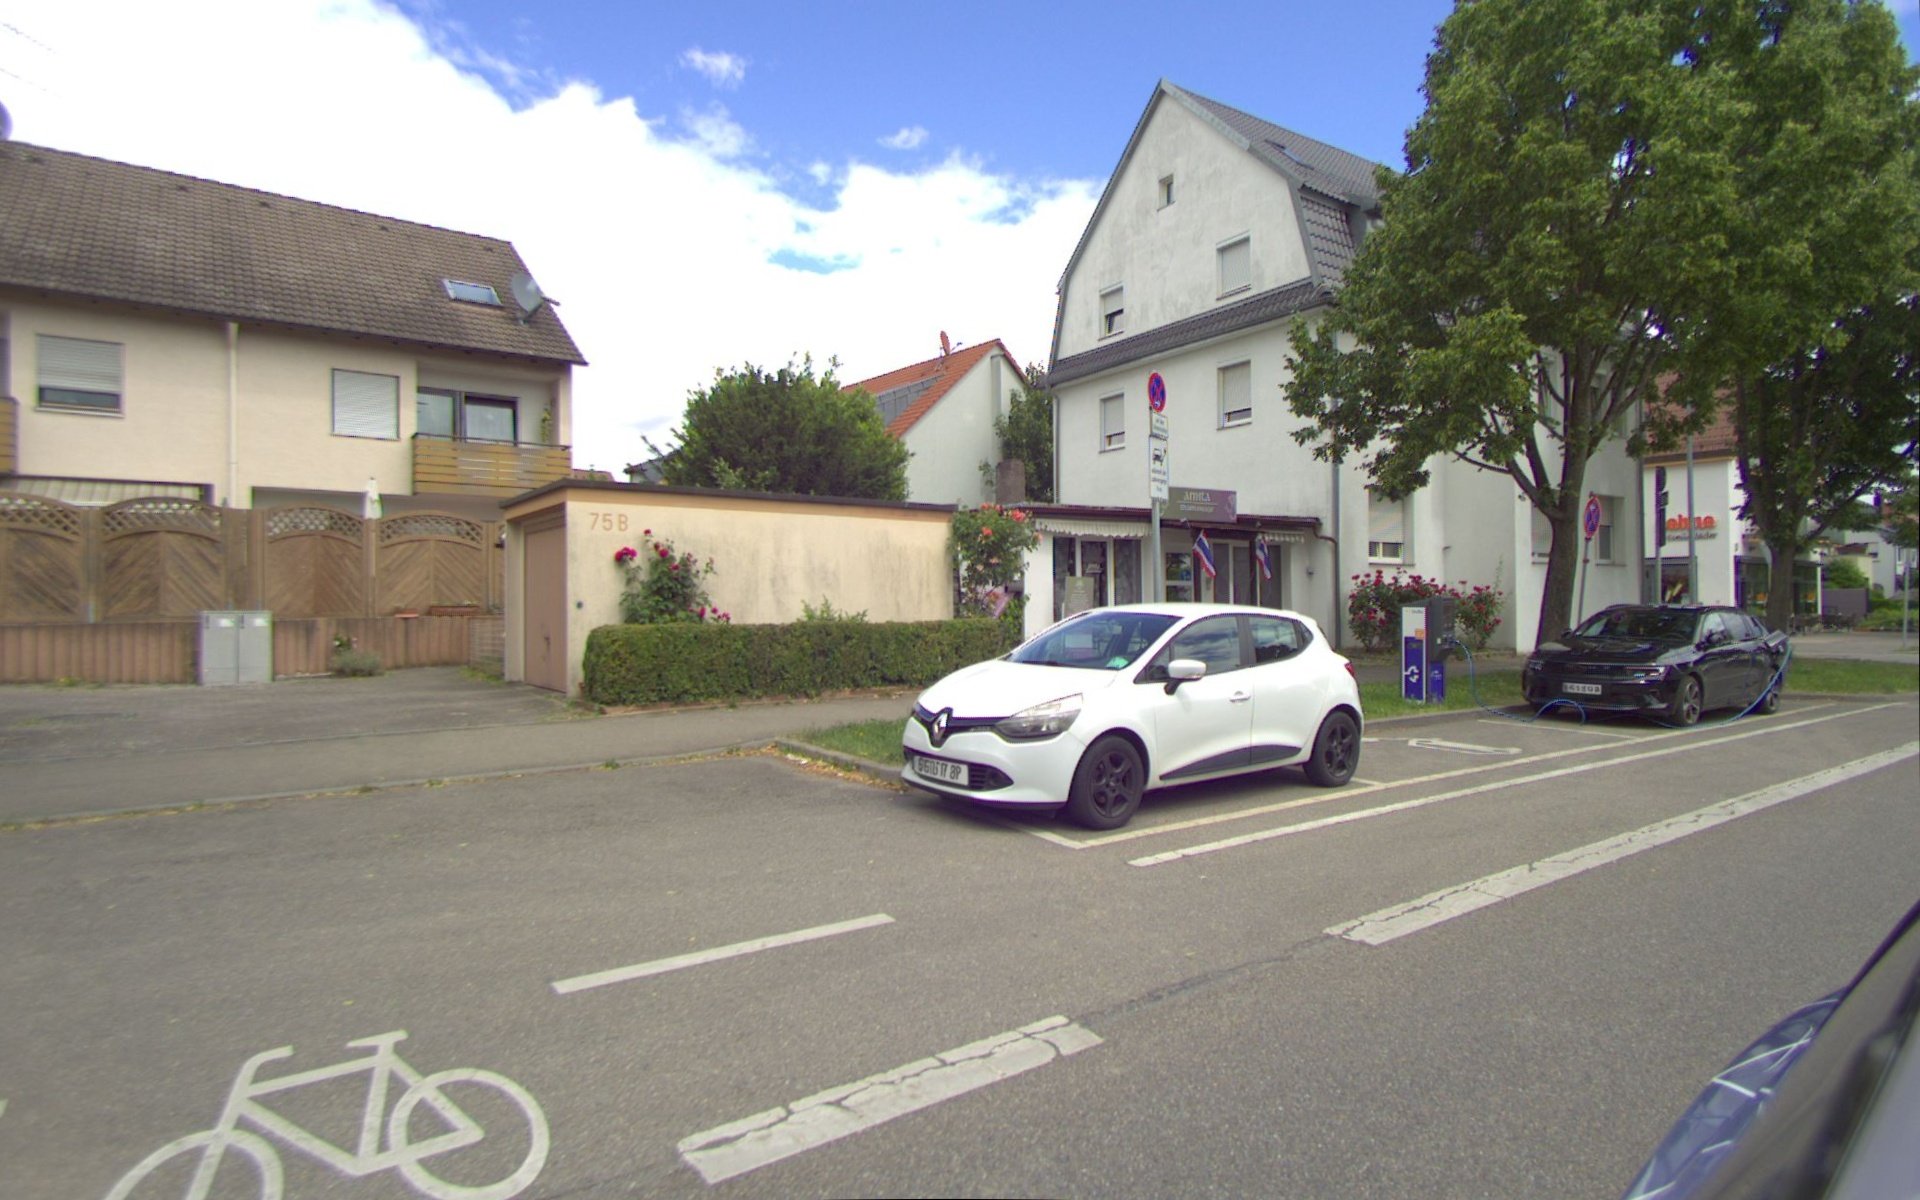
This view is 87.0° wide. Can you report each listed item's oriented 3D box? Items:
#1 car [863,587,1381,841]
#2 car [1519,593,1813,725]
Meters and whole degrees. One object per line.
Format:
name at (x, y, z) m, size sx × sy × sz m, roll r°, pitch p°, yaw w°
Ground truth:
car at (1.369, 0.659, 7.769) m, size 3.925 × 1.481 × 1.677 m, roll 0°, pitch 0°, yaw -36°
car at (9.353, 0.651, 13.290) m, size 4.528 × 1.473 × 1.711 m, roll 0°, pitch 0°, yaw -35°
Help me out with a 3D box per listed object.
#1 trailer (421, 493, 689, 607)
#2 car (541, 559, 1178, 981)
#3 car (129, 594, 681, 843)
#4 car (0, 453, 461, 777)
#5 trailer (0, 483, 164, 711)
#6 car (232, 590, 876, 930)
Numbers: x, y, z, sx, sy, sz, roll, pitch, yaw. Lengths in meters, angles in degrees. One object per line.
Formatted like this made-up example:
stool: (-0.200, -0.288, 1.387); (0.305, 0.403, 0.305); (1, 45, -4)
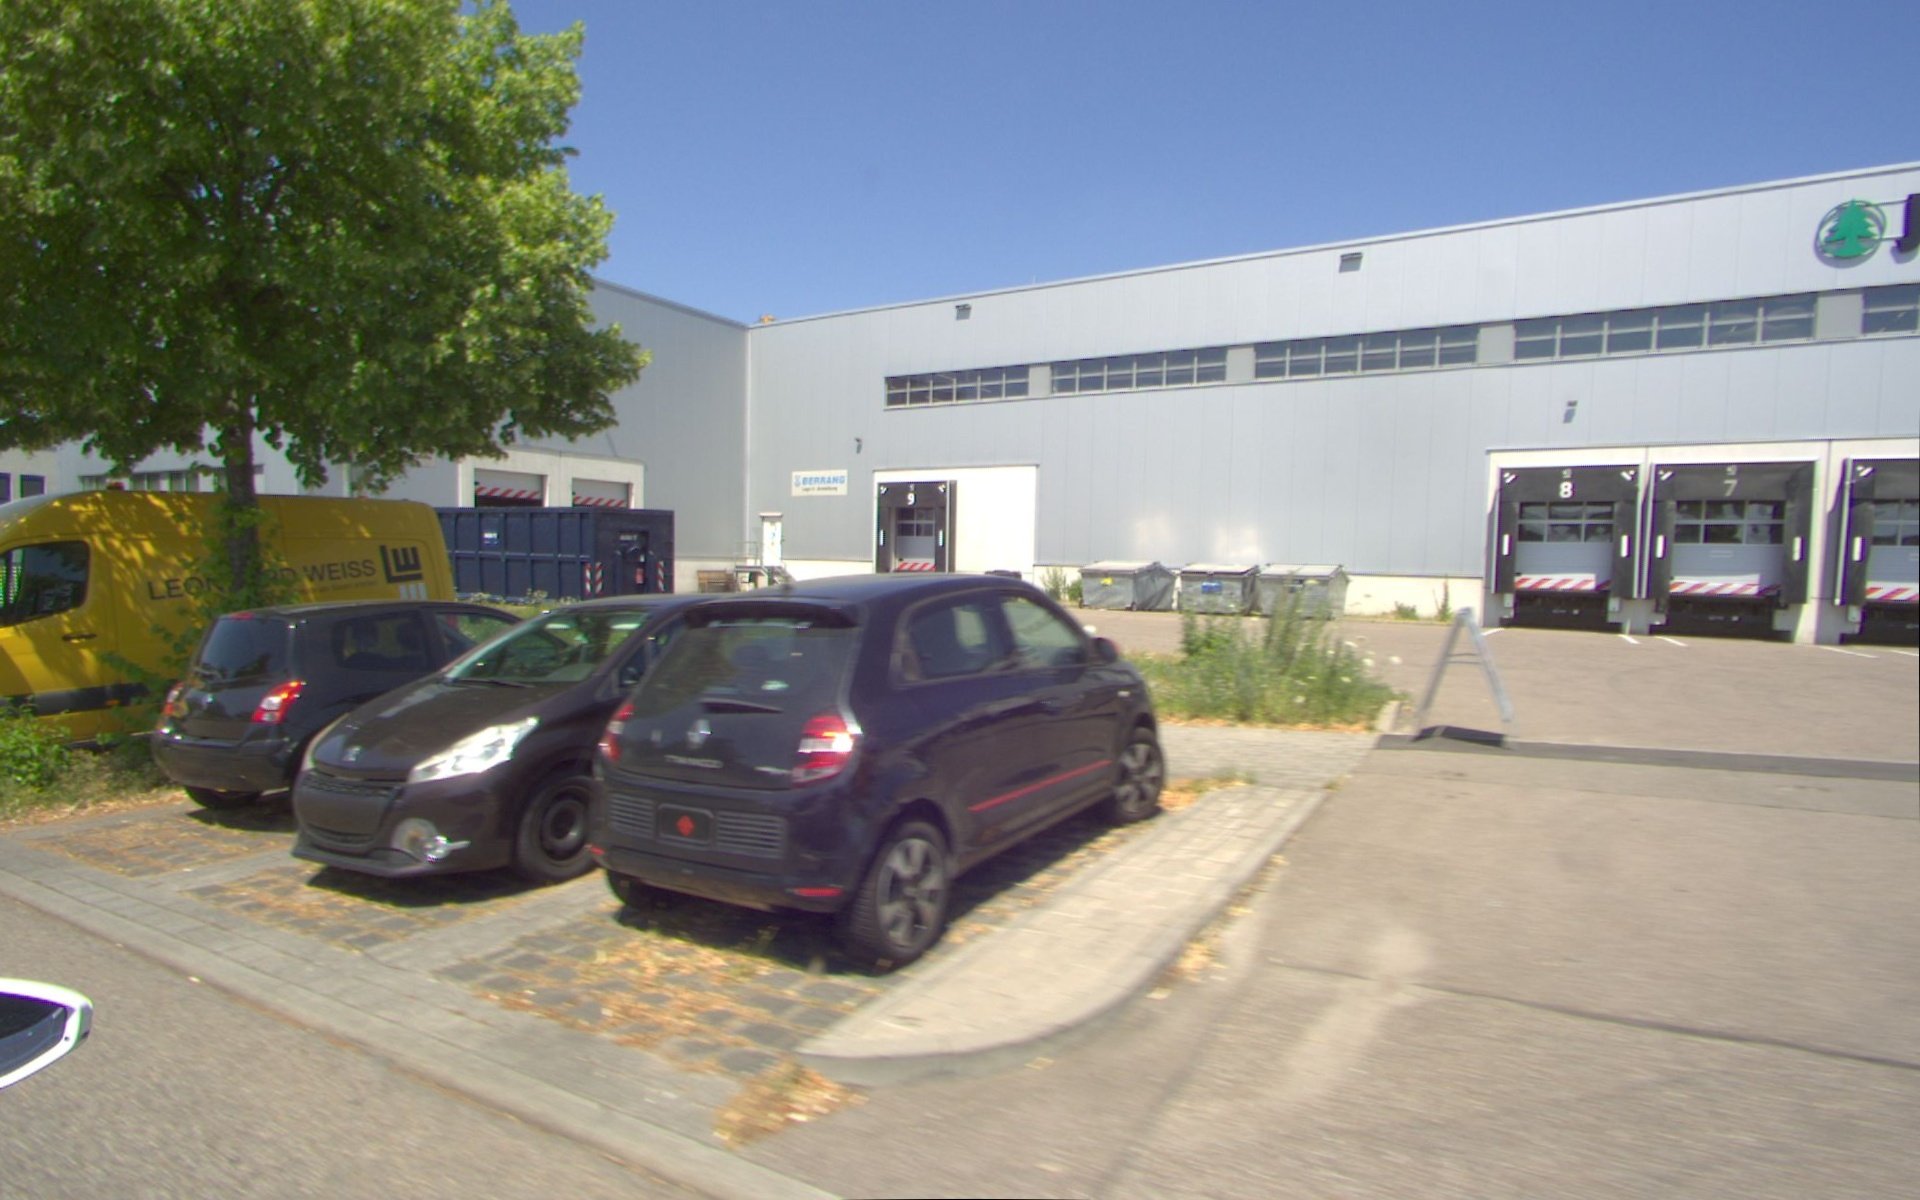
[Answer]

WORK REQUEST: An exact copy of the lines above between the line holding "#1 trailer (421, 493, 689, 607)" and the line holding "Formatted like this", inclusive, is the whole answer.

WRITTEN REPLY:
#1 trailer (421, 493, 689, 607)
#2 car (541, 559, 1178, 981)
#3 car (129, 594, 681, 843)
#4 car (0, 453, 461, 777)
#5 trailer (0, 483, 164, 711)
#6 car (232, 590, 876, 930)
Numbers: x, y, z, sx, sy, sz, roll, pitch, yaw. Lengths in meters, angles in degrees. One object per line.
Formatted like this made-up example:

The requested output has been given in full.